Step 4: Hurry, but be patient

People are having trouble signing up for Equifax’s free credit freeze because the company’s system is swamped, according to the experts and folks who have tried.

The breach is “grisly,” said Paige Schaffer, president and COO of insurer Generali Global Assistance’s Identity and Digital Protection Services division, which helps victims of cybercrimes.

At “our resolution center, the phones are ringing off the walls because they can’t get through to the bureaus,” she said.

Silverman said 1,500 people called Clark Howard’s Consumer Action Center on Wednesday, mostly for help with their questions on Equifax. The normal volume is 200 calls, she said.

“I tell people that 143 million of their fellow American citizens are trying to do the same thing, so it’s crashing,” said Silverman. “I’m telling people to wait” on ordering a credit freeze at Equifax, she said.

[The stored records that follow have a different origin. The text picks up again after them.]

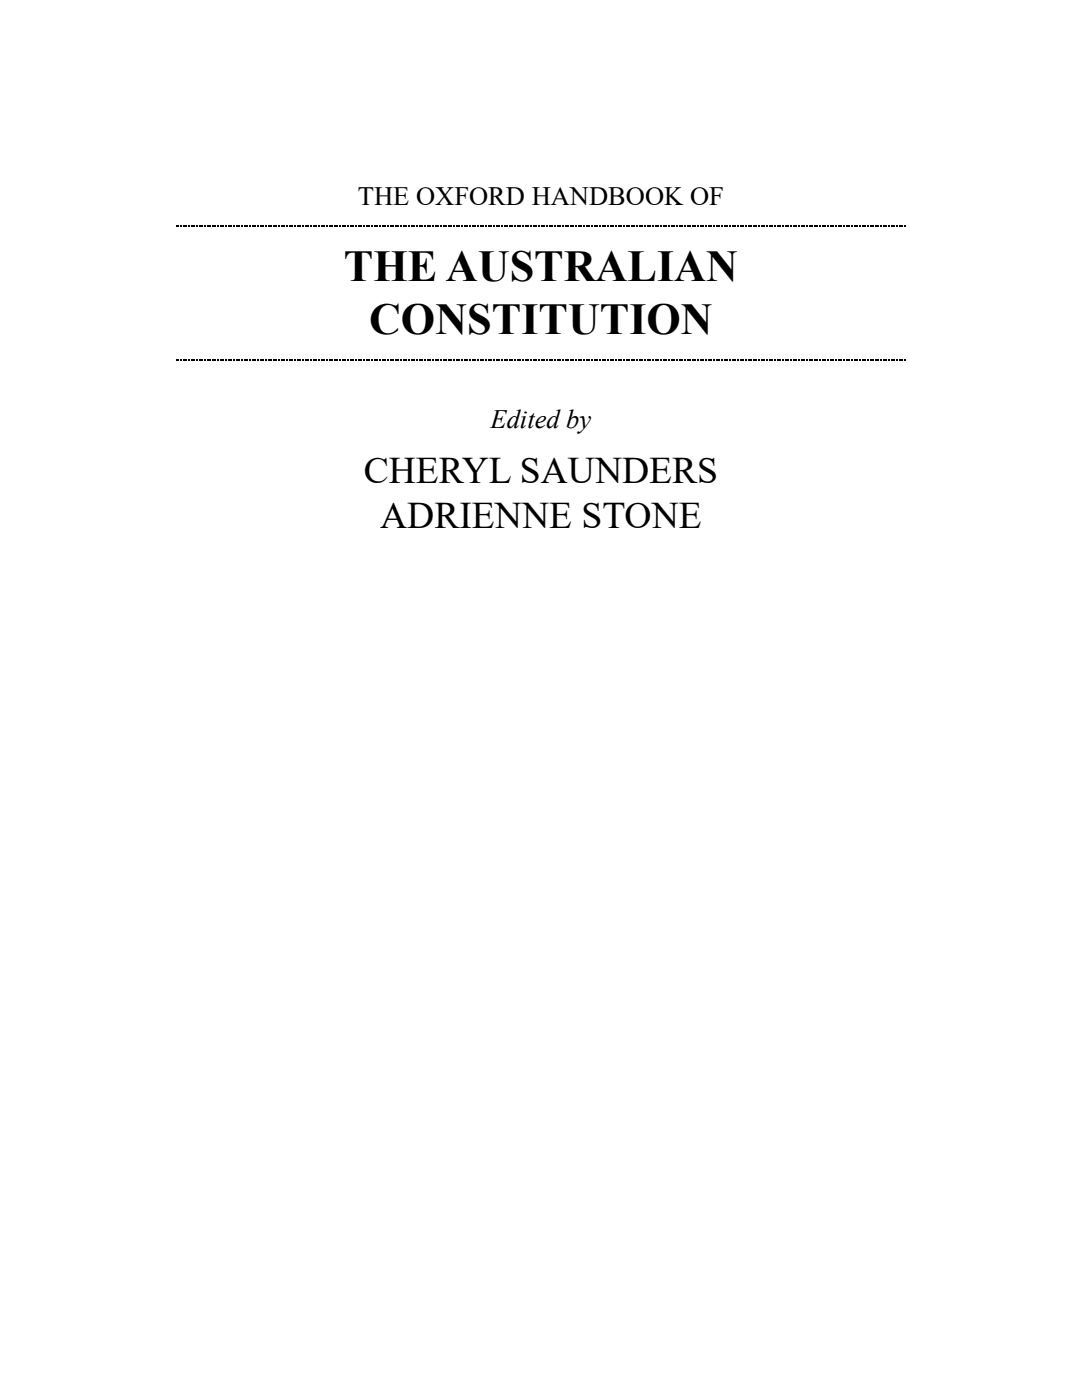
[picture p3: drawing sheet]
<svg xmlns="http://www.w3.org/2000/svg" width="216mm" height="279mm" viewBox="0 0 216 279" stroke-linecap="round" stroke-linejoin="round" font-family="sans-serif">
<defs><g id="words">
<g font-size="8.8">
<text x="68.6" y="56.1">THE AUSTRALIAN</text>
<text x="73.6" y="66.7">CONSTITUTION</text>
</g>
<g font-size="7.5">
<text x="72.6" y="96.3">CHERYL SAUNDERS</text>
<text x="75.9" y="105.3">ADRIENNE STONE</text>
</g>
<g font-size="5.3">
<text x="71.4" y="41">THE OXFORD HANDBOOK OF</text>
<text x="97.9" y="85.5">Edited by</text>
</g>
</g></defs>
<g fill="#000">
<path d="M35.2 45h.5v.2h-.5zM36 45h.2v.2h-.2zM36.5 45h.3v.2h-.3zM37 45h.3v.2h-.3zM37.6 45h.2v.2h-.2zM38.1 45h.3v.2h-.3zM38.6 45h.3v.2h-.3zM39.2 45h.2v.2h-.2zM39.7 45h.3v.2h-.3zM40.2 45h.3v.2h-.3zM40.7 45h.3v.2h-.3zM41.3 45h.2v.2h-.2z"/>
<path d="M41.8 45h.3v.2h-.3zM42.3 45h.3v.2h-.3zM42.9 45h.2v.2h-.2zM43.4 45h.3v.2h-.3zM43.9 45h.3v.2h-.3zM44.5 45h.2v.2h-.2zM45 45h.2v.2h-.2zM45.5 45h.3v.2h-.3zM46 45h.3v.2h-.3zM46.6 45h.2v.2h-.2zM47.1 45h.3v.2h-.3zM47.6 45h.3v.2h-.3z"/>
<path d="M48.2 45h.2v.2h-.2zM48.7 45h.2v.2h-.2zM49.2 45h.3v.2h-.3zM49.7 45h.3v.2h-.3zM50.3 45h.2v.2h-.2zM50.8 45h.3v.2h-.3zM51.3 45h.3v.2h-.3zM51.9 45h.2v.2h-.2zM52.4 45h.3v.2h-.3zM52.9 45h.3v.2h-.3zM53.4 45h.3v.2h-.3zM54 45h.2v.2h-.2z"/>
<path d="M54.5 45h.3v.2h-.3zM55 45h.3v.2h-.3zM55.6 45h.2v.2h-.2zM56.1 45h.3v.2h-.3zM56.6 45h.3v.2h-.3zM57.2 45h.2v.2h-.2zM57.7 45h.2v.2h-.2zM58.2 45h.3v.2h-.3zM58.7 45h.3v.2h-.3zM59.3 45h.2v.2h-.2zM59.8 45h.3v.2h-.3zM60.3 45h.3v.2h-.3z"/>
<path d="M60.9 45h.2v.2h-.2zM61.4 45h.2v.2h-.2zM61.9 45h.3v.2h-.3zM62.4 45h.3v.2h-.3zM63 45h.2v.2h-.2zM63.5 45h.3v.2h-.3zM64 45h.3v.2h-.3zM64.6 45h.2v.2h-.2zM65.1 45h.3v.2h-.3zM65.6 45h.3v.2h-.3zM66.1 45h.3v.2h-.3zM66.7 45h.2v.2h-.2z"/>
<path d="M67.2 45h.3v.2h-.3zM67.7 45h.3v.2h-.3zM68.3 45h.2v.2h-.2zM68.8 45h.3v.2h-.3zM69.3 45h.3v.2h-.3zM69.9 45h.2v.2h-.2zM70.4 45h.2v.2h-.2zM70.9 45h.3v.2h-.3zM71.4 45h.3v.2h-.3zM72 45h.2v.2h-.2zM72.5 45h.3v.2h-.3zM73 45h.3v.2h-.3z"/>
<path d="M73.6 45h.2v.2h-.2zM74.1 45h.2v.2h-.2zM74.6 45h.3v.2h-.3zM75.1 45h.3v.2h-.3zM75.7 45h.2v.2h-.2zM76.2 45h.3v.2h-.3zM76.7 45h.3v.2h-.3zM77.3 45h.2v.2h-.2zM77.8 45h.3v.2h-.3zM78.3 45h.3v.2h-.3zM78.8 45h.3v.2h-.3zM79.4 45h.2v.2h-.2z"/>
<path d="M79.9 45h.3v.2h-.3zM80.4 45h.3v.2h-.3zM81 45h.2v.2h-.2zM81.5 45h.3v.2h-.3zM82 45h.3v.2h-.3zM82.6 45h.2v.2h-.2zM83.1 45h.2v.2h-.2zM83.6 45h.3v.2h-.3zM84.1 45h.3v.2h-.3zM84.7 45h.2v.2h-.2zM85.2 45h.3v.2h-.3zM85.7 45h.3v.2h-.3z"/>
<path d="M86.3 45h.2v.2h-.2zM86.8 45h.2v.2h-.2zM87.3 45h.3v.2h-.3zM87.8 45h.3v.2h-.3zM88.4 45h.2v.2h-.2zM88.9 45h.3v.2h-.3zM89.4 45h.3v.2h-.3zM90 45h.2v.2h-.2zM90.5 45h.3v.2h-.3zM91 45h.3v.2h-.3zM91.5 45h.3v.2h-.3zM92.1 45h.2v.2h-.2z"/>
<path d="M92.6 45h.3v.2h-.3zM93.1 45h.3v.2h-.3zM93.7 45h.2v.2h-.2zM94.2 45h.3v.2h-.3zM94.7 45h.3v.2h-.3zM95.3 45h.2v.2h-.2zM95.8 45h.2v.2h-.2zM96.3 45h.3v.2h-.3zM96.8 45h.3v.2h-.3zM97.4 45h.2v.2h-.2zM97.9 45h.3v.2h-.3zM98.4 45h.3v.2h-.3z"/>
<path d="M99 45h.2v.2h-.2zM99.5 45h.2v.2h-.2zM100 45h.3v.2h-.3zM100.5 45h.3v.2h-.3zM101.1 45h.2v.2h-.2zM101.6 45h.3v.2h-.3zM102.1 45h.3v.2h-.3zM102.7 45h.2v.2h-.2zM103.2 45h.3v.2h-.3zM103.7 45h.3v.2h-.3zM104.2 45h.3v.2h-.3zM104.8 45h.2v.2h-.2z"/>
<path d="M105.3 45h.3v.2h-.3zM105.8 45h.3v.2h-.3zM106.4 45h.2v.2h-.2zM106.9 45h.3v.2h-.3zM107.4 45h.3v.2h-.3zM108 45h.2v.2h-.2zM108.5 45h.2v.2h-.2zM109 45h.3v.2h-.3zM109.5 45h.3v.2h-.3zM110.1 45h.2v.2h-.2zM110.6 45h.3v.2h-.3zM111.1 45h.3v.2h-.3z"/>
<path d="M111.7 45h.2v.2h-.2zM112.2 45h.2v.2h-.2zM112.7 45h.3v.2h-.3zM113.2 45h.3v.2h-.3zM113.8 45h.2v.2h-.2zM114.3 45h.3v.2h-.3zM114.8 45h.3v.2h-.3zM115.4 45h.2v.2h-.2zM115.9 45h.3v.2h-.3zM116.4 45h.3v.2h-.3zM116.9 45h.3v.2h-.3zM117.5 45h.2v.2h-.2z"/>
<path d="M118 45h.3v.2h-.3zM118.5 45h.3v.2h-.3zM119.1 45h.2v.2h-.2zM119.6 45h.3v.2h-.3zM120.1 45h.3v.2h-.3zM120.7 45h.2v.2h-.2zM121.2 45h.2v.2h-.2zM121.7 45h.3v.2h-.3zM122.2 45h.3v.2h-.3zM122.8 45h.2v.2h-.2zM123.3 45h.3v.2h-.3zM123.8 45h.3v.2h-.3z"/>
<path d="M124.4 45h.2v.2h-.2zM124.9 45h.2v.2h-.2zM125.4 45h.3v.2h-.3zM125.9 45h.3v.2h-.3zM126.5 45h.2v.2h-.2zM127 45h.3v.2h-.3zM127.5 45h.3v.2h-.3zM128.1 45h.2v.2h-.2zM128.6 45h.3v.2h-.3zM129.1 45h.3v.2h-.3zM129.6 45h.3v.2h-.3zM130.2 45h.2v.2h-.2z"/>
<path d="M130.7 45h.3v.2h-.3zM131.2 45h.3v.2h-.3zM131.8 45h.2v.2h-.2zM132.3 45h.3v.2h-.3zM132.8 45h.3v.2h-.3zM133.4 45h.2v.2h-.2zM133.9 45h.2v.2h-.2zM134.4 45h.3v.2h-.3zM134.9 45h.3v.2h-.3zM135.5 45h.2v.2h-.2zM136 45h.3v.2h-.3zM136.5 45h.3v.2h-.3z"/>
<path d="M137.1 45h.2v.2h-.2zM137.6 45h.2v.2h-.2zM138.1 45h.3v.2h-.3zM138.6 45h.3v.2h-.3zM139.2 45h.2v.2h-.2zM139.7 45h.3v.2h-.3zM140.2 45h.3v.2h-.3zM140.8 45h.2v.2h-.2zM141.3 45h.3v.2h-.3zM141.8 45h.3v.2h-.3zM142.3 45h.3v.2h-.3zM142.9 45h.2v.2h-.2z"/>
<path d="M143.4 45h.3v.2h-.3zM143.9 45h.3v.2h-.3zM144.5 45h.2v.2h-.2zM145 45h.3v.2h-.3zM145.5 45h.3v.2h-.3zM146.1 45h.2v.2h-.2zM146.6 45h.2v.2h-.2zM147.1 45h.3v.2h-.3zM147.6 45h.3v.2h-.3zM148.2 45h.2v.2h-.2zM148.7 45h.3v.2h-.3zM149.2 45h.3v.2h-.3z"/>
<path d="M149.8 45h.2v.2h-.2zM150.3 45h.2v.2h-.2zM150.8 45h.3v.2h-.3zM151.3 45h.3v.2h-.3zM151.9 45h.2v.2h-.2zM152.4 45h.3v.2h-.3zM152.9 45h.3v.2h-.3zM153.5 45h.2v.2h-.2zM154 45h.3v.2h-.3zM154.5 45h.3v.2h-.3zM155 45h.3v.2h-.3zM155.6 45h.2v.2h-.2z"/>
<path d="M156.1 45h.3v.2h-.3zM156.6 45h.3v.2h-.3zM157.2 45h.2v.2h-.2zM157.7 45h.3v.2h-.3zM158.2 45h.3v.2h-.3zM158.8 45h.2v.2h-.2zM159.3 45h.2v.2h-.2zM159.8 45h.3v.2h-.3zM160.3 45h.3v.2h-.3zM160.9 45h.2v.2h-.2zM161.4 45h.3v.2h-.3zM161.9 45h.3v.2h-.3z"/>
<path d="M162.5 45h.2v.2h-.2zM163 45h.2v.2h-.2zM163.5 45h.3v.2h-.3zM164 45h.3v.2h-.3zM164.6 45h.2v.2h-.2zM165.1 45h.3v.2h-.3zM165.6 45h.3v.2h-.3zM166.2 45h.2v.2h-.2zM166.7 45h.3v.2h-.3zM167.2 45h.3v.2h-.3zM167.7 45h.3v.2h-.3zM168.3 45h.2v.2h-.2z"/>
<path d="M168.8 45h.3v.2h-.3zM169.3 45h.3v.2h-.3zM169.9 45h.2v.2h-.2zM170.4 45h.3v.2h-.3zM170.9 45h.3v.2h-.3zM171.5 45h.2v.2h-.2zM172 45h.2v.2h-.2zM172.5 45h.3v.2h-.3zM173 45h.3v.2h-.3zM173.6 45h.2v.2h-.2zM174.1 45h.3v.2h-.3zM174.6 45h.3v.2h-.3z"/>
<path d="M175.2 45h.2v.2h-.2zM175.7 45h.2v.2h-.2zM176.2 45h.3v.2h-.3zM176.7 45h.3v.2h-.3zM177.3 45h.2v.2h-.2zM177.8 45h.3v.2h-.3zM178.3 45h.3v.2h-.3zM178.9 45h.2v.2h-.2zM179.4 45h.3v.2h-.3zM179.9 45h.3v.2h-.3zM180.4 45h.3v.2h-.3zM35.2 71.7h.5v.3h-.5z"/>
<path d="M36 71.7h.2v.3h-.2zM36.5 71.7h.3v.3h-.3zM37 71.7h.3v.3h-.3zM37.6 71.7h.2v.3h-.2zM38.1 71.7h.3v.3h-.3zM38.6 71.7h.3v.3h-.3zM39.2 71.7h.2v.3h-.2zM39.7 71.7h.3v.3h-.3zM40.2 71.7h.3v.3h-.3zM40.7 71.7h.3v.3h-.3zM41.3 71.7h.2v.3h-.2zM41.8 71.7h.3v.3h-.3z"/>
<path d="M42.3 71.7h.3v.3h-.3zM42.9 71.7h.2v.3h-.2zM43.4 71.7h.3v.3h-.3zM43.9 71.7h.3v.3h-.3zM44.5 71.7h.2v.3h-.2zM45 71.7h.2v.3h-.2zM45.5 71.7h.3v.3h-.3zM46 71.7h.3v.3h-.3zM46.6 71.7h.2v.3h-.2zM47.1 71.7h.3v.3h-.3zM47.6 71.7h.3v.3h-.3zM48.2 71.7h.2v.3h-.2z"/>
<path d="M48.7 71.7h.2v.3h-.2zM49.2 71.7h.3v.3h-.3zM49.7 71.7h.3v.3h-.3zM50.3 71.7h.2v.3h-.2zM50.8 71.7h.3v.3h-.3zM51.3 71.7h.3v.3h-.3zM51.9 71.7h.2v.3h-.2zM52.4 71.7h.3v.3h-.3zM52.9 71.7h.3v.3h-.3zM53.4 71.7h.3v.3h-.3zM54 71.7h.2v.3h-.2zM54.5 71.7h.3v.3h-.3z"/>
<path d="M55 71.7h.3v.3h-.3zM55.6 71.7h.2v.3h-.2zM56.1 71.7h.3v.3h-.3zM56.6 71.7h.3v.3h-.3zM57.2 71.7h.2v.3h-.2zM57.7 71.7h.2v.3h-.2zM58.2 71.7h.3v.3h-.3zM58.7 71.7h.3v.3h-.3zM59.3 71.7h.2v.3h-.2zM59.8 71.7h.3v.3h-.3zM60.3 71.7h.3v.3h-.3zM60.9 71.7h.2v.3h-.2z"/>
<path d="M61.4 71.7h.2v.3h-.2zM61.9 71.7h.3v.3h-.3zM62.4 71.7h.3v.3h-.3zM63 71.7h.2v.3h-.2zM63.5 71.7h.3v.3h-.3zM64 71.7h.3v.3h-.3zM64.6 71.7h.2v.3h-.2zM65.1 71.7h.3v.3h-.3zM65.6 71.7h.3v.3h-.3zM66.1 71.7h.3v.3h-.3zM66.7 71.7h.2v.3h-.2zM67.2 71.7h.3v.3h-.3z"/>
<path d="M67.7 71.7h.3v.3h-.3zM68.3 71.7h.2v.3h-.2zM68.8 71.7h.3v.3h-.3zM69.3 71.7h.3v.3h-.3zM69.9 71.7h.2v.3h-.2zM70.4 71.7h.2v.3h-.2zM70.9 71.7h.3v.3h-.3zM71.4 71.7h.3v.3h-.3zM72 71.7h.2v.3h-.2zM72.5 71.7h.3v.3h-.3zM73 71.7h.3v.3h-.3zM73.6 71.7h.2v.3h-.2z"/>
<path d="M74.1 71.7h.2v.3h-.2zM74.6 71.7h.3v.3h-.3zM75.1 71.7h.3v.3h-.3zM75.7 71.7h.2v.3h-.2zM76.2 71.7h.3v.3h-.3zM76.7 71.7h.3v.3h-.3zM77.3 71.7h.2v.3h-.2zM77.8 71.7h.3v.3h-.3zM78.3 71.7h.3v.3h-.3zM78.8 71.7h.3v.3h-.3zM79.4 71.7h.2v.3h-.2zM79.9 71.7h.3v.3h-.3z"/>
<path d="M80.4 71.7h.3v.3h-.3zM81 71.7h.2v.3h-.2zM81.5 71.7h.3v.3h-.3zM82 71.7h.3v.3h-.3zM82.6 71.7h.2v.3h-.2zM83.1 71.7h.2v.3h-.2zM83.6 71.7h.3v.3h-.3zM84.1 71.7h.3v.3h-.3zM84.7 71.7h.2v.3h-.2zM85.2 71.7h.3v.3h-.3zM85.7 71.7h.3v.3h-.3zM86.3 71.7h.2v.3h-.2z"/>
<path d="M86.8 71.7h.2v.3h-.2zM87.3 71.7h.3v.3h-.3zM87.8 71.7h.3v.3h-.3zM88.4 71.7h.2v.3h-.2zM88.9 71.7h.3v.3h-.3zM89.4 71.7h.3v.3h-.3zM90 71.7h.2v.3h-.2zM90.5 71.7h.3v.3h-.3zM91 71.7h.3v.3h-.3zM91.5 71.7h.3v.3h-.3zM92.1 71.7h.2v.3h-.2zM92.6 71.7h.3v.3h-.3z"/>
<path d="M93.1 71.7h.3v.3h-.3zM93.7 71.7h.2v.3h-.2zM94.2 71.7h.3v.3h-.3zM94.7 71.7h.3v.3h-.3zM95.3 71.7h.2v.3h-.2zM95.8 71.7h.2v.3h-.2zM96.3 71.7h.3v.3h-.3zM96.8 71.7h.3v.3h-.3zM97.4 71.7h.2v.3h-.2zM97.9 71.7h.3v.3h-.3zM98.4 71.7h.3v.3h-.3zM99 71.7h.2v.3h-.2z"/>
<path d="M99.5 71.7h.2v.3h-.2zM100 71.7h.3v.3h-.3zM100.5 71.7h.3v.3h-.3zM101.1 71.7h.2v.3h-.2zM101.6 71.7h.3v.3h-.3zM102.1 71.7h.3v.3h-.3zM102.7 71.7h.2v.3h-.2zM103.2 71.7h.3v.3h-.3zM103.7 71.7h.3v.3h-.3zM104.2 71.7h.3v.3h-.3zM104.8 71.7h.2v.3h-.2zM105.3 71.7h.3v.3h-.3z"/>
<path d="M105.8 71.7h.3v.3h-.3zM106.4 71.7h.2v.3h-.2zM106.9 71.7h.3v.3h-.3zM107.4 71.7h.3v.3h-.3zM108 71.7h.2v.3h-.2zM108.5 71.7h.2v.3h-.2zM109 71.7h.3v.3h-.3zM109.5 71.7h.3v.3h-.3zM110.1 71.7h.2v.3h-.2zM110.6 71.7h.3v.3h-.3zM111.1 71.7h.3v.3h-.3zM111.7 71.7h.2v.3h-.2z"/>
<path d="M112.2 71.7h.2v.3h-.2zM112.7 71.7h.3v.3h-.3zM113.2 71.7h.3v.3h-.3zM113.8 71.7h.2v.3h-.2zM114.3 71.7h.3v.3h-.3zM114.8 71.7h.3v.3h-.3zM115.4 71.7h.2v.3h-.2zM115.9 71.7h.3v.3h-.3zM116.4 71.7h.3v.3h-.3zM116.9 71.7h.3v.3h-.3zM117.5 71.7h.2v.3h-.2zM118 71.7h.3v.3h-.3z"/>
<path d="M118.5 71.7h.3v.3h-.3zM119.1 71.7h.2v.3h-.2zM119.6 71.7h.3v.3h-.3zM120.1 71.7h.3v.3h-.3zM120.7 71.7h.2v.3h-.2zM121.2 71.7h.2v.3h-.2zM121.7 71.7h.3v.3h-.3zM122.2 71.7h.3v.3h-.3zM122.8 71.7h.2v.3h-.2zM123.3 71.7h.3v.3h-.3zM123.8 71.7h.3v.3h-.3zM124.4 71.7h.2v.3h-.2z"/>
<path d="M124.9 71.7h.2v.3h-.2zM125.4 71.7h.3v.3h-.3zM125.9 71.7h.3v.3h-.3zM126.5 71.7h.2v.3h-.2zM127 71.7h.3v.3h-.3zM127.5 71.7h.3v.3h-.3zM128.1 71.7h.2v.3h-.2zM128.6 71.7h.3v.3h-.3zM129.1 71.7h.3v.3h-.3zM129.6 71.7h.3v.3h-.3zM130.2 71.7h.2v.3h-.2zM130.7 71.7h.3v.3h-.3z"/>
<path d="M131.2 71.7h.3v.3h-.3zM131.8 71.7h.2v.3h-.2zM132.3 71.7h.3v.3h-.3zM132.8 71.7h.3v.3h-.3zM133.4 71.7h.2v.3h-.2zM133.9 71.7h.2v.3h-.2zM134.4 71.7h.3v.3h-.3zM134.9 71.7h.3v.3h-.3zM135.5 71.7h.2v.3h-.2zM136 71.7h.3v.3h-.3zM136.5 71.7h.3v.3h-.3zM137.1 71.7h.2v.3h-.2z"/>
<path d="M137.6 71.7h.2v.3h-.2zM138.1 71.7h.3v.3h-.3zM138.6 71.7h.3v.3h-.3zM139.2 71.7h.2v.3h-.2zM139.7 71.7h.3v.3h-.3zM140.2 71.7h.3v.3h-.3zM140.8 71.7h.2v.3h-.2zM141.3 71.7h.3v.3h-.3zM141.8 71.7h.3v.3h-.3zM142.3 71.7h.3v.3h-.3zM142.9 71.7h.2v.3h-.2zM143.4 71.7h.3v.3h-.3z"/>
<path d="M143.9 71.7h.3v.3h-.3zM144.5 71.7h.2v.3h-.2zM145 71.7h.3v.3h-.3zM145.5 71.7h.3v.3h-.3zM146.1 71.7h.2v.3h-.2zM146.6 71.7h.2v.3h-.2zM147.1 71.7h.3v.3h-.3zM147.6 71.7h.3v.3h-.3zM148.2 71.7h.2v.3h-.2zM148.7 71.7h.3v.3h-.3zM149.2 71.7h.3v.3h-.3zM149.8 71.7h.2v.3h-.2z"/>
<path d="M150.3 71.7h.2v.3h-.2zM150.8 71.7h.3v.3h-.3zM151.3 71.7h.3v.3h-.3zM151.9 71.7h.2v.3h-.2zM152.4 71.7h.3v.3h-.3zM152.9 71.7h.3v.3h-.3zM153.5 71.7h.2v.3h-.2zM154 71.7h.3v.3h-.3zM154.5 71.7h.3v.3h-.3zM155 71.7h.3v.3h-.3zM155.6 71.7h.2v.3h-.2zM156.1 71.7h.3v.3h-.3z"/>
<path d="M156.6 71.7h.3v.3h-.3zM157.2 71.7h.2v.3h-.2zM157.7 71.7h.3v.3h-.3zM158.2 71.7h.3v.3h-.3zM158.8 71.7h.2v.3h-.2zM159.3 71.7h.2v.3h-.2zM159.8 71.7h.3v.3h-.3zM160.3 71.7h.3v.3h-.3zM160.9 71.7h.2v.3h-.2zM161.4 71.7h.3v.3h-.3zM161.9 71.7h.3v.3h-.3zM162.5 71.7h.2v.3h-.2z"/>
<path d="M163 71.7h.2v.3h-.2zM163.5 71.7h.3v.3h-.3zM164 71.7h.3v.3h-.3zM164.6 71.7h.2v.3h-.2zM165.1 71.7h.3v.3h-.3zM165.6 71.7h.3v.3h-.3zM166.2 71.7h.2v.3h-.2zM166.7 71.7h.3v.3h-.3zM167.2 71.7h.3v.3h-.3zM167.7 71.7h.3v.3h-.3zM168.3 71.7h.2v.3h-.2zM168.8 71.7h.3v.3h-.3z"/>
<path d="M169.3 71.7h.3v.3h-.3zM169.9 71.7h.2v.3h-.2zM170.4 71.7h.3v.3h-.3zM170.9 71.7h.3v.3h-.3zM171.5 71.7h.2v.3h-.2zM172 71.7h.2v.3h-.2zM172.5 71.7h.3v.3h-.3zM173 71.7h.3v.3h-.3zM173.6 71.7h.2v.3h-.2zM174.1 71.7h.3v.3h-.3zM174.6 71.7h.3v.3h-.3zM175.2 71.7h.2v.3h-.2z"/>
<path d="M175.7 71.7h.2v.3h-.2zM176.2 71.7h.3v.3h-.3zM176.7 71.7h.3v.3h-.3zM177.3 71.7h.2v.3h-.2zM177.8 71.7h.3v.3h-.3zM178.3 71.7h.3v.3h-.3zM178.9 71.7h.2v.3h-.2zM179.4 71.7h.3v.3h-.3zM179.9 71.7h.3v.3h-.3zM180.4 71.7h.3v.3h-.3z"/>
</g>
<use href="#words"/>
</svg>

Hart disagrees. “I don’t think that it’s wise to wait, just because of the sensitivity of the information involved,” he said.

Vernon Keenan, director of the Georgia Bureau of Investigation, said he has tried four times since Wednesday to sign up on Equifax’s website, without success.

“It’s very frustrating to load in the information they ask for, only to get an error message,” he said. It’s sensitive information he doen’t like putting online: full name, Social Security number, address, date of birth.

But he said he’s going to keep doing it until he gets Equifax to freeze his credit information. “I don’t have a choice,” he said.

But Equifax should be “penalized,” he added. “I’d like to see them being held accountable … for having my personal information and losing it.”